(WORK TO BE COMPLETED): Working from the data below, write out exactly the lines from its first through the line that contains "text Verleende omgevingsvergunning", both ends included and pictures omitted.

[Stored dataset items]
--*--

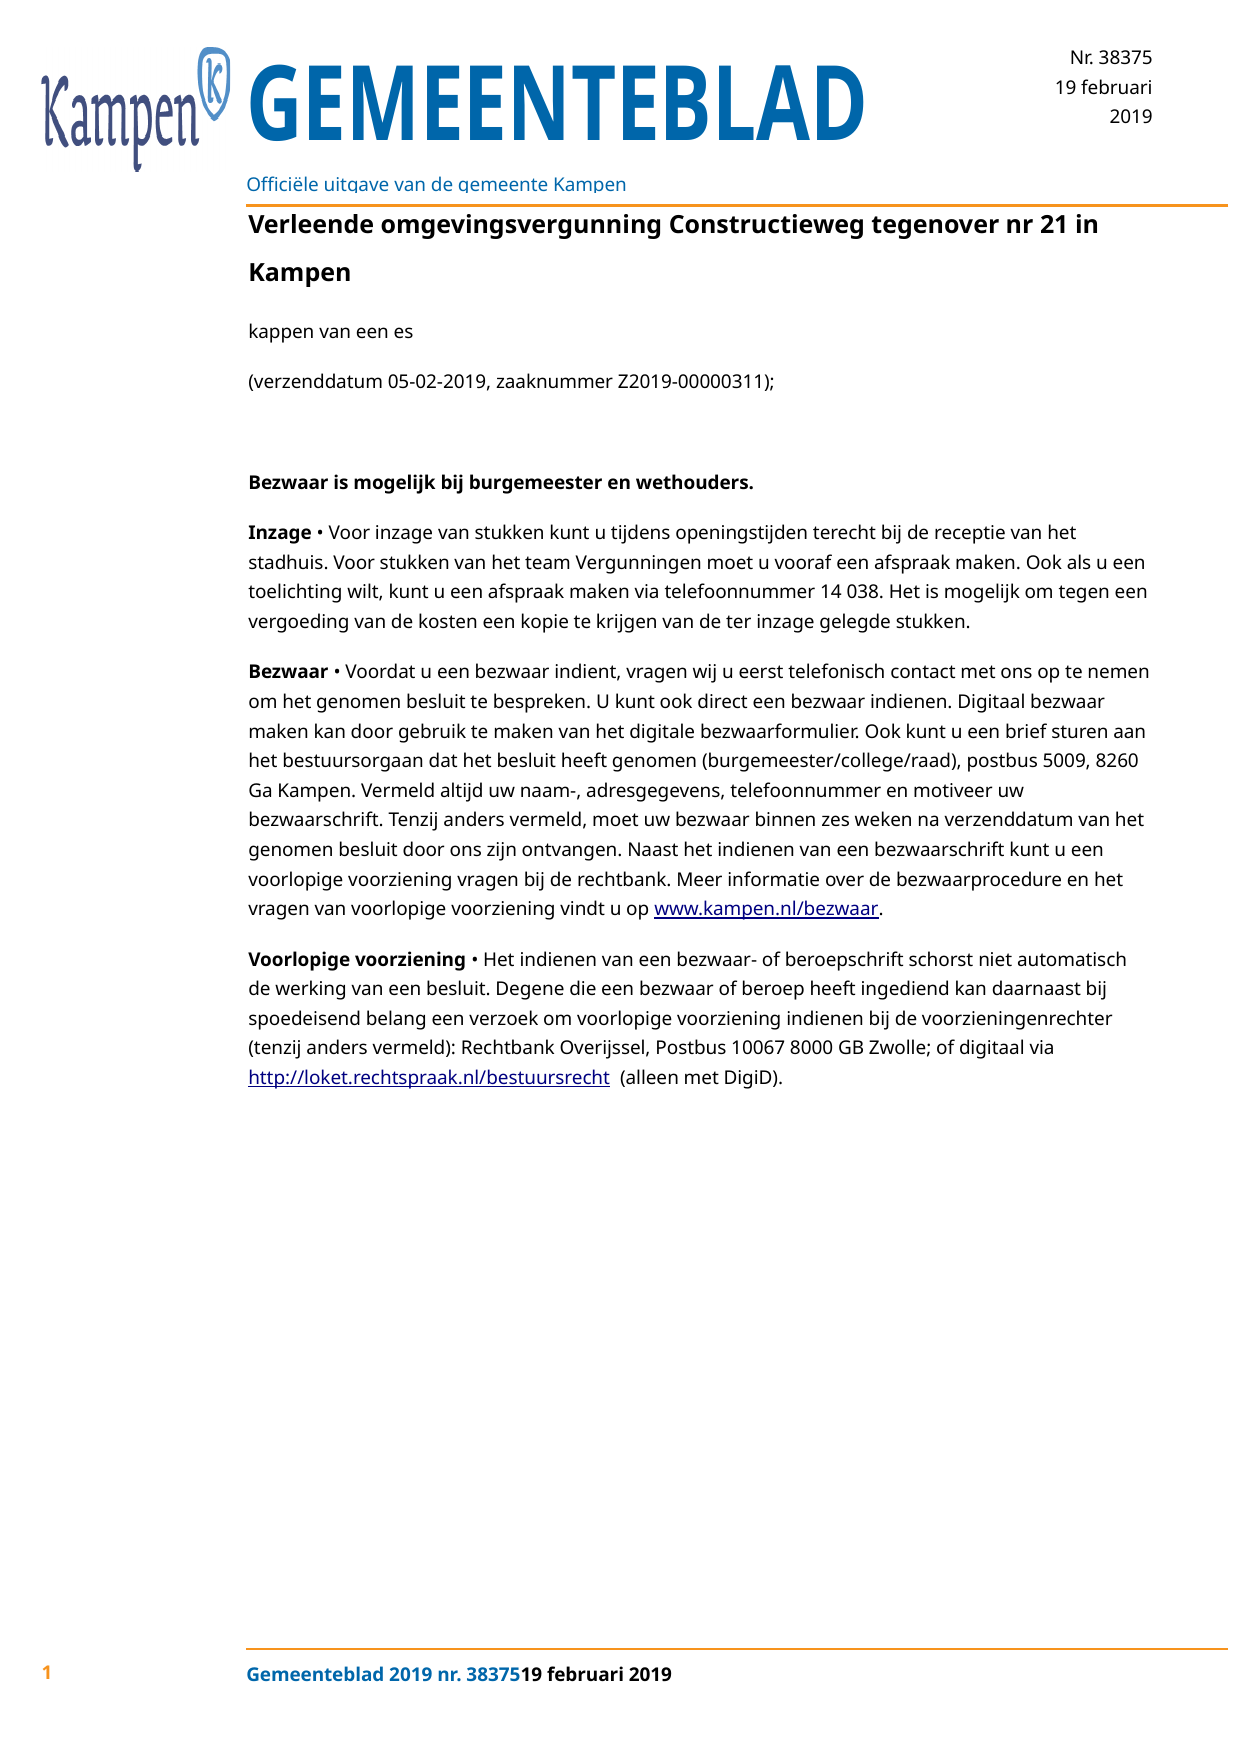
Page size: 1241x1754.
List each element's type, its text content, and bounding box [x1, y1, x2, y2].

text Inzage • Voor inzage van stukken kunt u tijdens openingstijden terecht bij de receptie van het stadhuis. Voor stukken van het team Vergunningen moet u vooraf een afspraak maken. Ook als u een toelichting wilt, kunt u een afspraak maken via telefoonnummer 14 038. Het is mogelijk om tegen een vergoeding van de kosten een kopie te krijgen van de ter inzage gelegde stukken. [248, 519, 1152, 634]
text kappen van een es [248, 318, 1152, 344]
text Bezwaar • Voordat u een bezwaar indient, vragen wij u eerst telefonisch contact met ons op te nemen om het genomen besluit te bespreken. U kunt ook direct een bezwaar indienen. Digitaal bezwaar maken kan door gebruik te maken van het digitale bezwaarformulier. Ook kunt u een brief sturen aan het bestuursorgaan dat het besluit heeft genomen (burgemeester/college/raad), postbus 5009, 8260 Ga Kampen. Vermeld altijd uw naam-, adresgegevens, telefoonnummer en motiveer uw bezwaarschrift. Tenzij anders vermeld, moet uw bezwaar binnen zes weken na verzenddatum van het genomen besluit door ons zijn ontvangen. Naast het indienen van een bezwaarschrift kunt u een voorlopige voorziening vragen bij de rechtbank. Meer informatie over de bezwaarprocedure en het vragen van voorlopige voorziening vindt u op www.kampen.nl/bezwaar. [248, 659, 1152, 921]
picture [41, 47, 231, 172]
text Voorlopige voorziening • Het indienen van een bezwaar- of beroepschrift schorst niet automatisch de werking van een besluit. Degene die een bezwaar of beroep heeft ingediend kan daarnaast bij spoedeisend belang een verzoek om voorlopige voorziening indienen bij de voorzieningenrechter (tenzij anders vermeld): Rechtbank Overijssel, Postbus 10067 8000 GB Zwolle; of digitaal via http://loket.rechtspraak.nl/bestuursrecht (alleen met DigiD). [248, 946, 1152, 1090]
text (verzenddatum 05-02-2019, zaaknummer Z2019-00000311); [248, 368, 1152, 394]
text Verleende omgevingsvergunning Constructieweg tegenover nr 21 in Kampen [248, 207, 1152, 288]
text Bezwaar is mogelijk bij burgemeester en wethouders. [248, 469, 1152, 495]

--*--

(EXERCISE SOLUTION):
Page size: 1241x1754.
List each element's type, its text content, and bounding box [x1, y1, x2, y2].

text Inzage • Voor inzage van stukken kunt u tijdens openingstijden terecht bij de receptie van het stadhuis. Voor stukken van het team Vergunningen moet u vooraf een afspraak maken. Ook als u een toelichting wilt, kunt u een afspraak maken via telefoonnummer 14 038. Het is mogelijk om tegen een vergoeding van de kosten een kopie te krijgen van de ter inzage gelegde stukken. [248, 519, 1152, 634]
text kappen van een es [248, 318, 1152, 344]
text Bezwaar • Voordat u een bezwaar indient, vragen wij u eerst telefonisch contact met ons op te nemen om het genomen besluit te bespreken. U kunt ook direct een bezwaar indienen. Digitaal bezwaar maken kan door gebruik te maken van het digitale bezwaarformulier. Ook kunt u een brief sturen aan het bestuursorgaan dat het besluit heeft genomen (burgemeester/college/raad), postbus 5009, 8260 Ga Kampen. Vermeld altijd uw naam-, adresgegevens, telefoonnummer en motiveer uw bezwaarschrift. Tenzij anders vermeld, moet uw bezwaar binnen zes weken na verzenddatum van het genomen besluit door ons zijn ontvangen. Naast het indienen van een bezwaarschrift kunt u een voorlopige voorziening vragen bij de rechtbank. Meer informatie over de bezwaarprocedure en het vragen van voorlopige voorziening vindt u op www.kampen.nl/bezwaar. [248, 659, 1152, 921]
picture [41, 47, 231, 172]
text Voorlopige voorziening • Het indienen van een bezwaar- of beroepschrift schorst niet automatisch de werking van een besluit. Degene die een bezwaar of beroep heeft ingediend kan daarnaast bij spoedeisend belang een verzoek om voorlopige voorziening indienen bij de voorzieningenrechter (tenzij anders vermeld): Rechtbank Overijssel, Postbus 10067 8000 GB Zwolle; of digitaal via http://loket.rechtspraak.nl/bestuursrecht (alleen met DigiD). [248, 946, 1152, 1090]
text (verzenddatum 05-02-2019, zaaknummer Z2019-00000311); [248, 368, 1152, 394]
text Verleende omgevingsvergunning Constructieweg tegenover nr 21 in Kampen [248, 207, 1152, 288]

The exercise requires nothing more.